(Collected data)
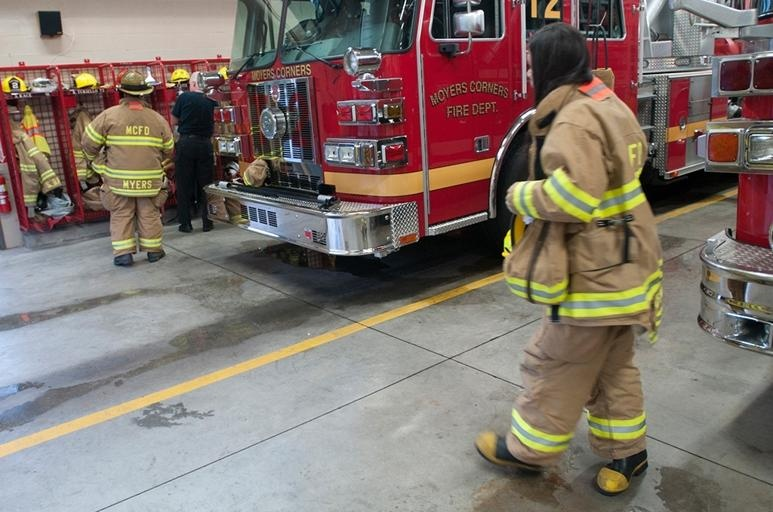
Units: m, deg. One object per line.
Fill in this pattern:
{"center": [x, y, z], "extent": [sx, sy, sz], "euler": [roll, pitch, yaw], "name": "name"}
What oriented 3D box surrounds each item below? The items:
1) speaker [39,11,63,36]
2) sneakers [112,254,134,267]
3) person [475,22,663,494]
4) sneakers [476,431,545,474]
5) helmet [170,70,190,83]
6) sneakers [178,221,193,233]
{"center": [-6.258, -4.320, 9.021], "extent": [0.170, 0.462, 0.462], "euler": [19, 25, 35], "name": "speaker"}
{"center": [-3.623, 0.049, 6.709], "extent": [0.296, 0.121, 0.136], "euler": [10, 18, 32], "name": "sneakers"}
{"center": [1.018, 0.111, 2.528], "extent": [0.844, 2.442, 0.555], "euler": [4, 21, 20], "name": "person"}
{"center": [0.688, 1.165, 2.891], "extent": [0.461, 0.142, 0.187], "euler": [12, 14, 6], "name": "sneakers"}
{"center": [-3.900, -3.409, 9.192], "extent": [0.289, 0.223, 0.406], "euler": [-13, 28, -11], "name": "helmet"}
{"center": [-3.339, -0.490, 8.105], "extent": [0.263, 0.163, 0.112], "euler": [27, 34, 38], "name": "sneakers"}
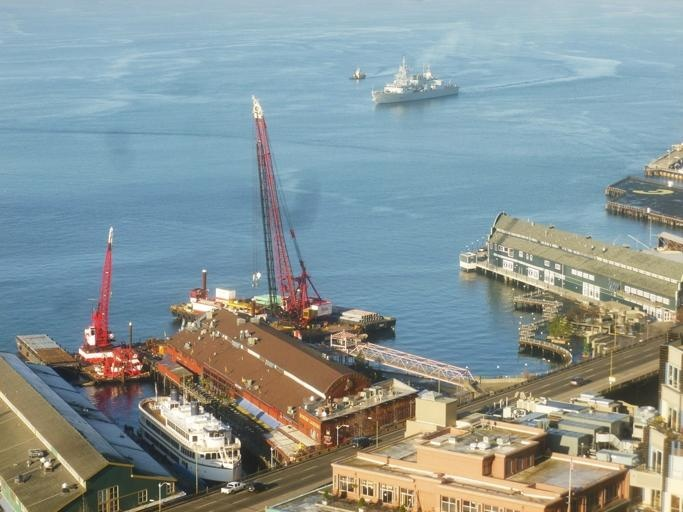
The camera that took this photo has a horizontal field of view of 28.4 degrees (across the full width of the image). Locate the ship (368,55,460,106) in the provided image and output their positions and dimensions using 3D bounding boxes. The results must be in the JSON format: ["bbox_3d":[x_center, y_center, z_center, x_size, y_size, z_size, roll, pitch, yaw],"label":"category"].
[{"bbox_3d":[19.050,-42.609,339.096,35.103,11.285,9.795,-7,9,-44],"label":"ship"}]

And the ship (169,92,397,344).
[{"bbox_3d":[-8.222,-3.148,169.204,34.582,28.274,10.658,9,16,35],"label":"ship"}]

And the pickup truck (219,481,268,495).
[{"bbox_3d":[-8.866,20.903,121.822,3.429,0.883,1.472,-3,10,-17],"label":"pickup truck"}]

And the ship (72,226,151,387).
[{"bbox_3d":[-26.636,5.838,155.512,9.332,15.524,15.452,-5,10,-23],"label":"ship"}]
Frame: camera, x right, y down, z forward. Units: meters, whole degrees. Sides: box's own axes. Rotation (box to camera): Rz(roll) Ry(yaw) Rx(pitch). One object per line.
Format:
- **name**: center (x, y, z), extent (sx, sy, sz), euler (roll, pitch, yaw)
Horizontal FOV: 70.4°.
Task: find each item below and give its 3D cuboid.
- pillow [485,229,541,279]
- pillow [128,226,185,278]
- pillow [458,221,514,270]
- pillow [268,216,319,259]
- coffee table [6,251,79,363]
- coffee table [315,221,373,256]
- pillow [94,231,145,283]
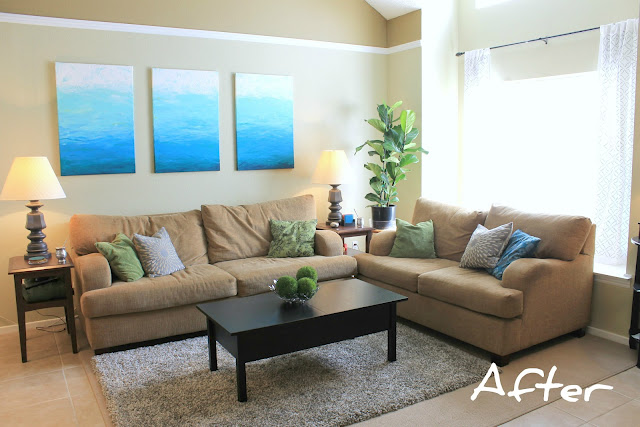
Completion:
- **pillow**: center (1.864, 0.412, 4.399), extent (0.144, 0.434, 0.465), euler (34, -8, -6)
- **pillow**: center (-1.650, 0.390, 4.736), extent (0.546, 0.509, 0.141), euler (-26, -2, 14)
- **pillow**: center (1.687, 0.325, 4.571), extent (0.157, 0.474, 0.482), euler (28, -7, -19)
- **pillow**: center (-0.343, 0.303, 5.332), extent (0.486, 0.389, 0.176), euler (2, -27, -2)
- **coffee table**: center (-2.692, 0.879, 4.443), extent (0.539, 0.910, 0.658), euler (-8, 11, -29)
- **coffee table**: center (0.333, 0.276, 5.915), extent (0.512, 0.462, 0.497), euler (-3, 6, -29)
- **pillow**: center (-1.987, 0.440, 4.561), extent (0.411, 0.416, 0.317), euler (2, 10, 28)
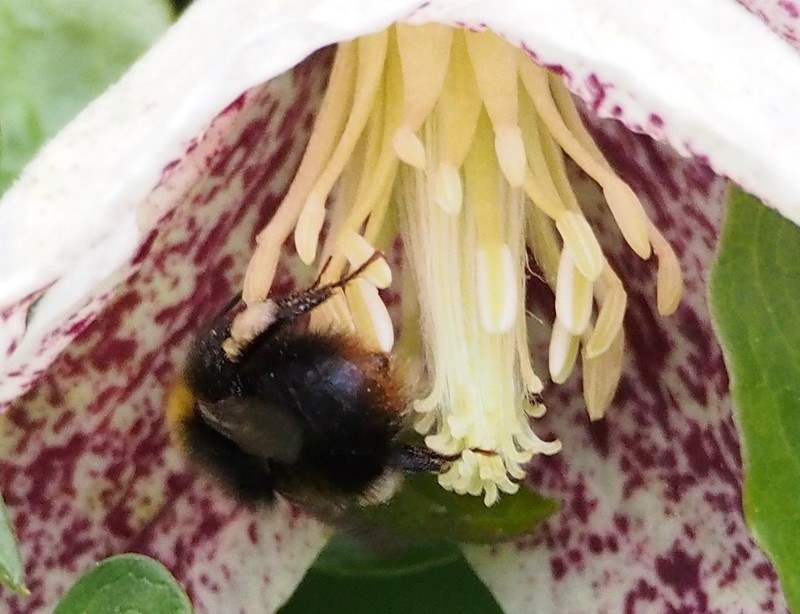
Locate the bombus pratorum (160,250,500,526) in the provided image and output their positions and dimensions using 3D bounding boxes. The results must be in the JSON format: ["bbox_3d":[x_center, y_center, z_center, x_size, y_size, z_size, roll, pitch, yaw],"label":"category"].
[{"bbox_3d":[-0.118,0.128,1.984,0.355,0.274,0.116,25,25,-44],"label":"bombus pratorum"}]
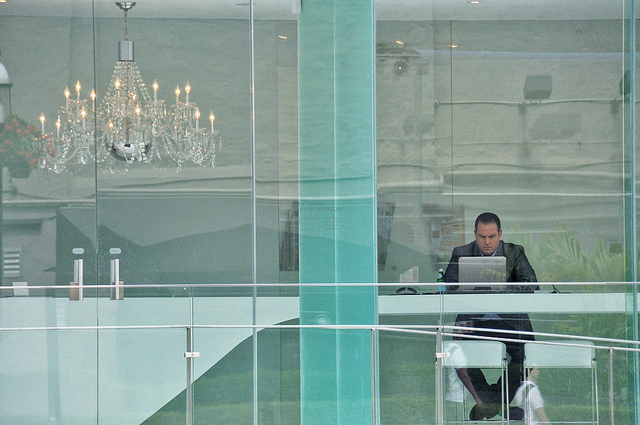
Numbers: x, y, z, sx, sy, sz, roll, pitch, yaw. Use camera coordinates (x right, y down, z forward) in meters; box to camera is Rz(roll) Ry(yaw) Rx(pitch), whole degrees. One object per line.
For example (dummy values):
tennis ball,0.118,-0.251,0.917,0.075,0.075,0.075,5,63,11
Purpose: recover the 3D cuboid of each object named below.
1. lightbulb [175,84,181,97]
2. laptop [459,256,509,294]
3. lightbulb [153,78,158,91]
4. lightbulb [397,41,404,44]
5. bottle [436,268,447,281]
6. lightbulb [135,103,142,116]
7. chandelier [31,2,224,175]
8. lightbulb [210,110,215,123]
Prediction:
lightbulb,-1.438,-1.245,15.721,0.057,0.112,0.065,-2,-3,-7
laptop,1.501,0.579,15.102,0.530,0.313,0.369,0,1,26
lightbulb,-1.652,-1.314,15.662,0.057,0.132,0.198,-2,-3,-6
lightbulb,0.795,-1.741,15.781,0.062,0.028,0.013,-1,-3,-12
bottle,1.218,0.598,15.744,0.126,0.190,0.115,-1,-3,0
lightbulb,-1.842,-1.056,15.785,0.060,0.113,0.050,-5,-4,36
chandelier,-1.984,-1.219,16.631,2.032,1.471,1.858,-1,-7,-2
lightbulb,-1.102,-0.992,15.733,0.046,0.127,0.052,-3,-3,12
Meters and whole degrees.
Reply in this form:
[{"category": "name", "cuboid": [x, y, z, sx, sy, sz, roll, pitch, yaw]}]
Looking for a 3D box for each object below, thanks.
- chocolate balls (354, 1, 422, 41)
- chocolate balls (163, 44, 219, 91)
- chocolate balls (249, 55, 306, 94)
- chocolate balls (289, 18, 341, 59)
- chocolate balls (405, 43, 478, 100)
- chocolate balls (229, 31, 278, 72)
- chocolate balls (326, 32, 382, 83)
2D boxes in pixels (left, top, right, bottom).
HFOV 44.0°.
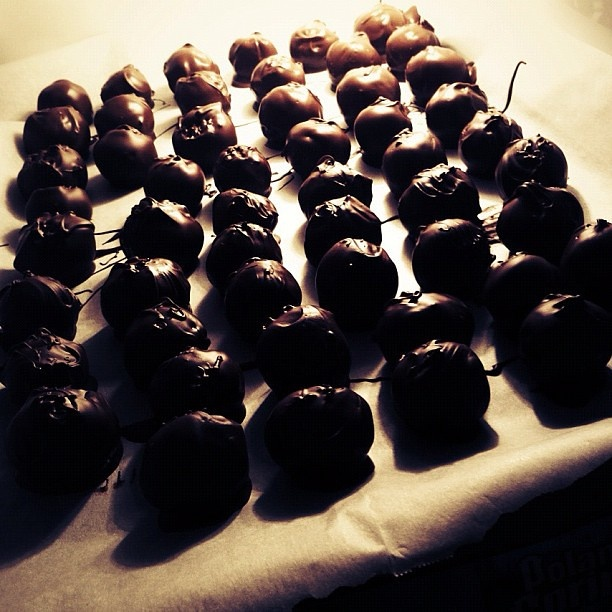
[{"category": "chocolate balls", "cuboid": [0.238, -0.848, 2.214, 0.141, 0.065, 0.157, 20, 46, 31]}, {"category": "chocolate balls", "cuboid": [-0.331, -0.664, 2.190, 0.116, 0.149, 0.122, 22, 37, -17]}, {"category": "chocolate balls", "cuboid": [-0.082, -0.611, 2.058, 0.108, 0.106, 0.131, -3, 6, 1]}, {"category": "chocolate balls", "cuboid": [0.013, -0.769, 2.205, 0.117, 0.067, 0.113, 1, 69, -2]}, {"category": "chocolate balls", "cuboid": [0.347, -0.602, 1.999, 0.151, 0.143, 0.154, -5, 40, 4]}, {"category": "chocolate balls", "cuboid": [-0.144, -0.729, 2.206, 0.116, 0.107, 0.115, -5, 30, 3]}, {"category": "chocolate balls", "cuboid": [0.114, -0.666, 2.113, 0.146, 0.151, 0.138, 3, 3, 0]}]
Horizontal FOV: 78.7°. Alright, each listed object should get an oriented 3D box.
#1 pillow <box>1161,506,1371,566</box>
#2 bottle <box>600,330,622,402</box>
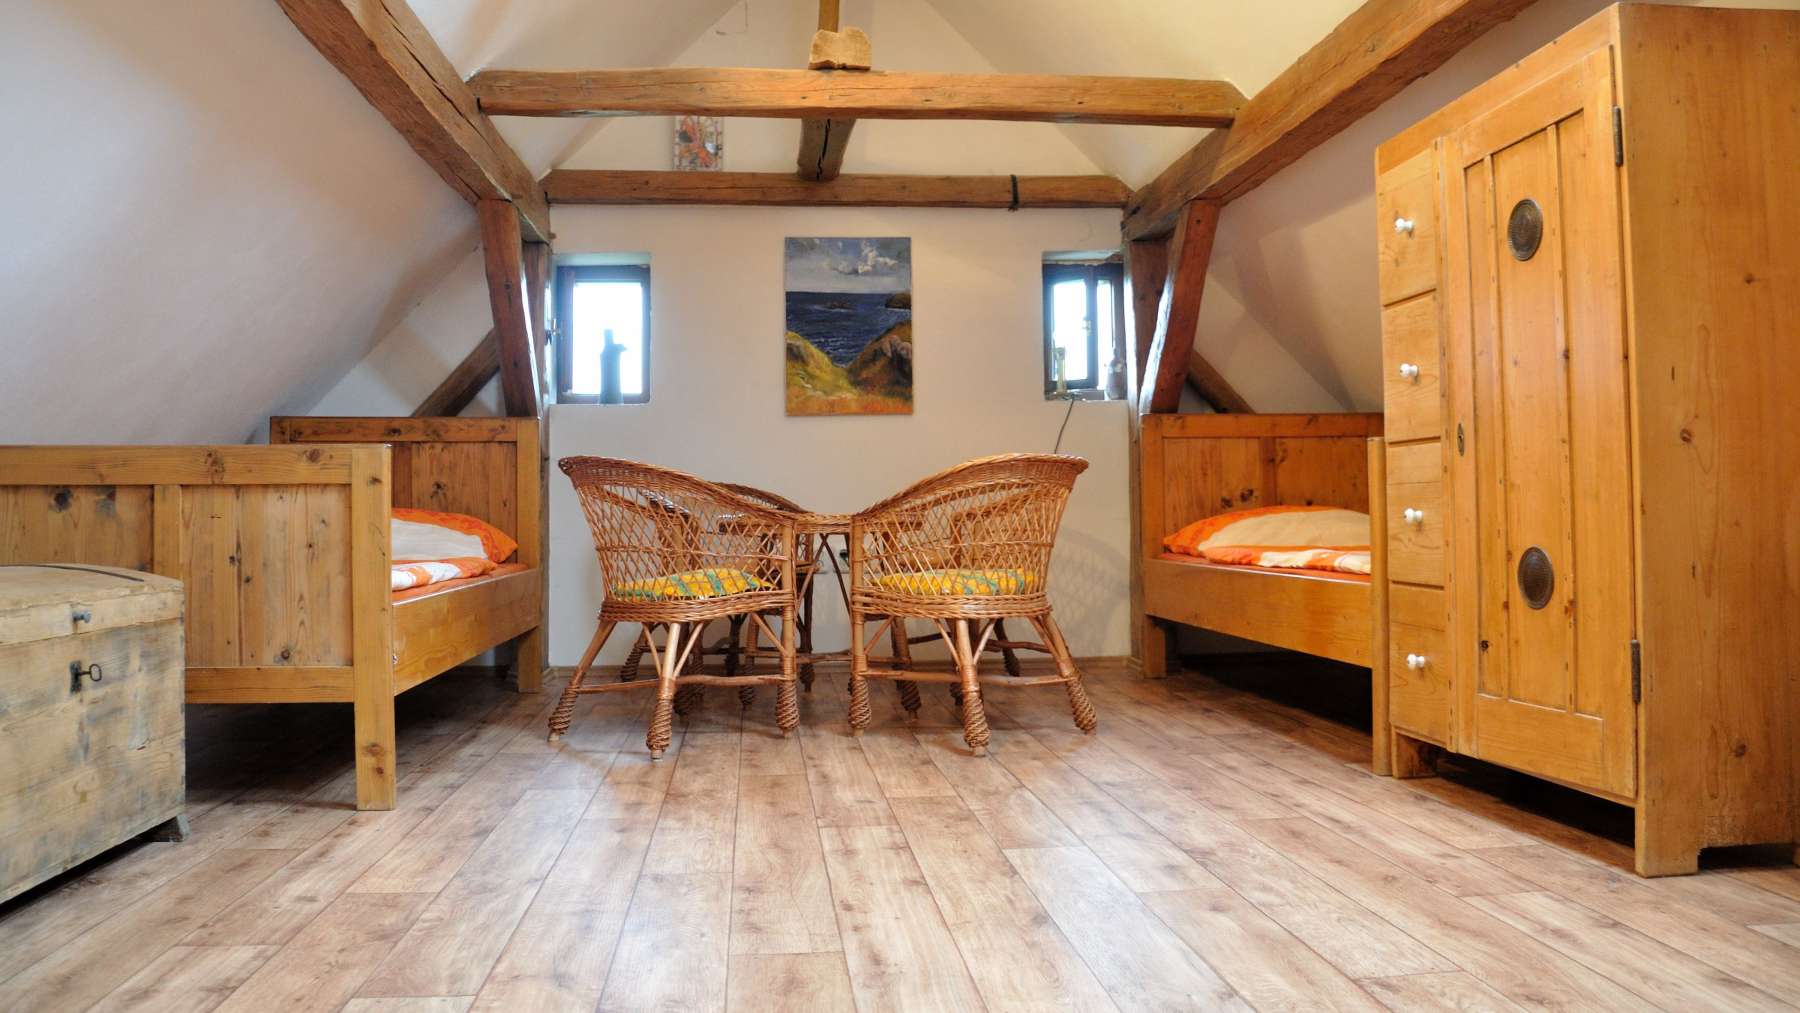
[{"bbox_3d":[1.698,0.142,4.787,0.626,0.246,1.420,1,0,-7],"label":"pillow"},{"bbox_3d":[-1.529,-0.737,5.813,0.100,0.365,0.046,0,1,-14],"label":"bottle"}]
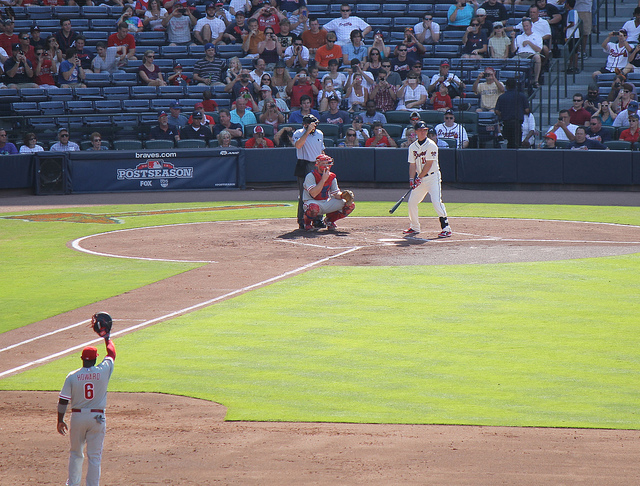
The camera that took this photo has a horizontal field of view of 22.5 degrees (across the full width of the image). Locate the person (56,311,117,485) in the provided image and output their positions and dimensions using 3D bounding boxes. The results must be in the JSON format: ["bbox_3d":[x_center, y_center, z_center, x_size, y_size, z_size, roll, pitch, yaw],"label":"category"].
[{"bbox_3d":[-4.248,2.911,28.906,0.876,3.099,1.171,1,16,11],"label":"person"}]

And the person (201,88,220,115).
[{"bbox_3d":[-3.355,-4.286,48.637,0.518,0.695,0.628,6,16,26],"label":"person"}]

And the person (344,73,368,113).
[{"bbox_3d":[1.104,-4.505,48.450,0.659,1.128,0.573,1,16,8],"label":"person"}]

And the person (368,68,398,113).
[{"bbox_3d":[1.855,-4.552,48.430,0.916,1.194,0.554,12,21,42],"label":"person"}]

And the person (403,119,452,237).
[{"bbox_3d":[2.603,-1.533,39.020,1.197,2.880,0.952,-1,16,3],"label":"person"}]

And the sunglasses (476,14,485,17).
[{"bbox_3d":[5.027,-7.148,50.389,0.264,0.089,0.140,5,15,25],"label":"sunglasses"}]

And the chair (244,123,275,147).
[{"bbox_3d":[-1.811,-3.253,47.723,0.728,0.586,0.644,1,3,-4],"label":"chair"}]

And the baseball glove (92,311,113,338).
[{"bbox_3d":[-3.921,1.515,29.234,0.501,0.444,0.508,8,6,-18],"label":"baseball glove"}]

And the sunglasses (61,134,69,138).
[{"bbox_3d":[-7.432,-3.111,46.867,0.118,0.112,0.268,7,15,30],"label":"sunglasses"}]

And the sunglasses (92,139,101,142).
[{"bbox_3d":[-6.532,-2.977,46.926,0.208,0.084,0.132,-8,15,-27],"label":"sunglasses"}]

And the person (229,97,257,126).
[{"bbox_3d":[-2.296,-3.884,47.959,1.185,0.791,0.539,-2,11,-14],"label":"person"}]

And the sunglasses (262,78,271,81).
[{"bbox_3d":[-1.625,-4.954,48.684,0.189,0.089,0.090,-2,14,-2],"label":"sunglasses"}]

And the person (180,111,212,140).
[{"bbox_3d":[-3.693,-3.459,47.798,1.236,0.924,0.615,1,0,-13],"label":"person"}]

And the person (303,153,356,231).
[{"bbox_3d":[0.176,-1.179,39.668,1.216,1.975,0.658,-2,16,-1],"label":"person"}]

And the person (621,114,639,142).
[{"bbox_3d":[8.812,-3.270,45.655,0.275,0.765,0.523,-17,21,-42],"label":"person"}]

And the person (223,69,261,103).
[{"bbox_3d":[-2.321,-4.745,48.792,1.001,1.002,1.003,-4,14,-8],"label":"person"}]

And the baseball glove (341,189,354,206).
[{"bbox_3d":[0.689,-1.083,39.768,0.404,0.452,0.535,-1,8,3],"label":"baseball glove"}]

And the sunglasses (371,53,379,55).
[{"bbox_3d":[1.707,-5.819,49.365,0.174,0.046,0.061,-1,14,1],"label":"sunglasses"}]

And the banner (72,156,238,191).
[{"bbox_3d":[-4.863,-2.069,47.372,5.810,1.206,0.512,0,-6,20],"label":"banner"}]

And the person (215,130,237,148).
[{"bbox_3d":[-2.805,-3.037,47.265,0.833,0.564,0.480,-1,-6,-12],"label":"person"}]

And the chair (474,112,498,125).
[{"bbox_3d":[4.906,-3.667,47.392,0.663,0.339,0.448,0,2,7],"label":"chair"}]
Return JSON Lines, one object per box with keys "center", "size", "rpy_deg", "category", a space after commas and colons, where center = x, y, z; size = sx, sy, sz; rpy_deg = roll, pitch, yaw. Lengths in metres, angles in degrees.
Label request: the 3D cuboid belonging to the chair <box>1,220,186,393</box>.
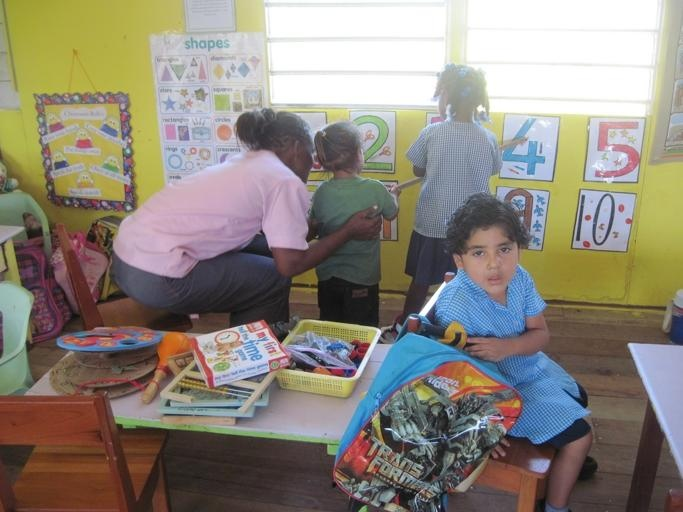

— Your goal —
From the entries above, write out only the lines starting at the line that holds "- coffee table [315,221,373,256]" and ending at the line that holds "- pillow [94,231,145,283]", keeping both and matching them exactly.

— Solution to the problem —
- coffee table [315,221,373,256]
- pillow [94,231,145,283]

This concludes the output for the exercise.